Work to be completed —
Please reproduce all of the data below exactly, leaving each picture out.

Recorded data —
╔══
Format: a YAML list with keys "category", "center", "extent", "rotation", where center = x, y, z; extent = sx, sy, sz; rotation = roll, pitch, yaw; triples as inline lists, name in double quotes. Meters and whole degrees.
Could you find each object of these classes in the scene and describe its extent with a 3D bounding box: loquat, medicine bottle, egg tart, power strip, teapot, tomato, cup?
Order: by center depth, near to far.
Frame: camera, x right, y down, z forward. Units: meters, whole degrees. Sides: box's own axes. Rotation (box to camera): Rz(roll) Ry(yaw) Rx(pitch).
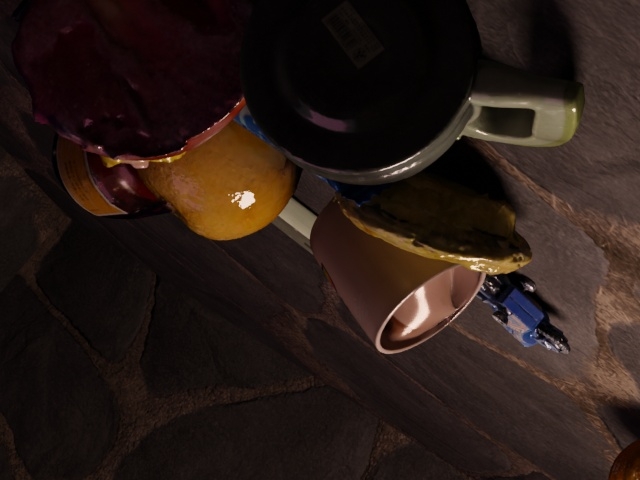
╚══
Answer to this exercise —
Format: a YAML list with keys "category", "center", "extent", "rotation", where center = x, y, z; extent = sx, sy, sz; rotation = roll, pitch, yaw; triples as inline lists, name in double quotes. Meters and whole degrees.
Could you find each object of these classes in the scene and describe its extent with a 3D bounding box: loquat, medicine bottle, egg tart, power strip, teapot, tomato, cup?
Order: by center depth, near to far.
Frame: camera, x right, y down, z forward. Units: meters, whole degrees. Sides: box's own axes. Rotation (box to camera): Rz(roll) Ry(yaw) Rx(pitch).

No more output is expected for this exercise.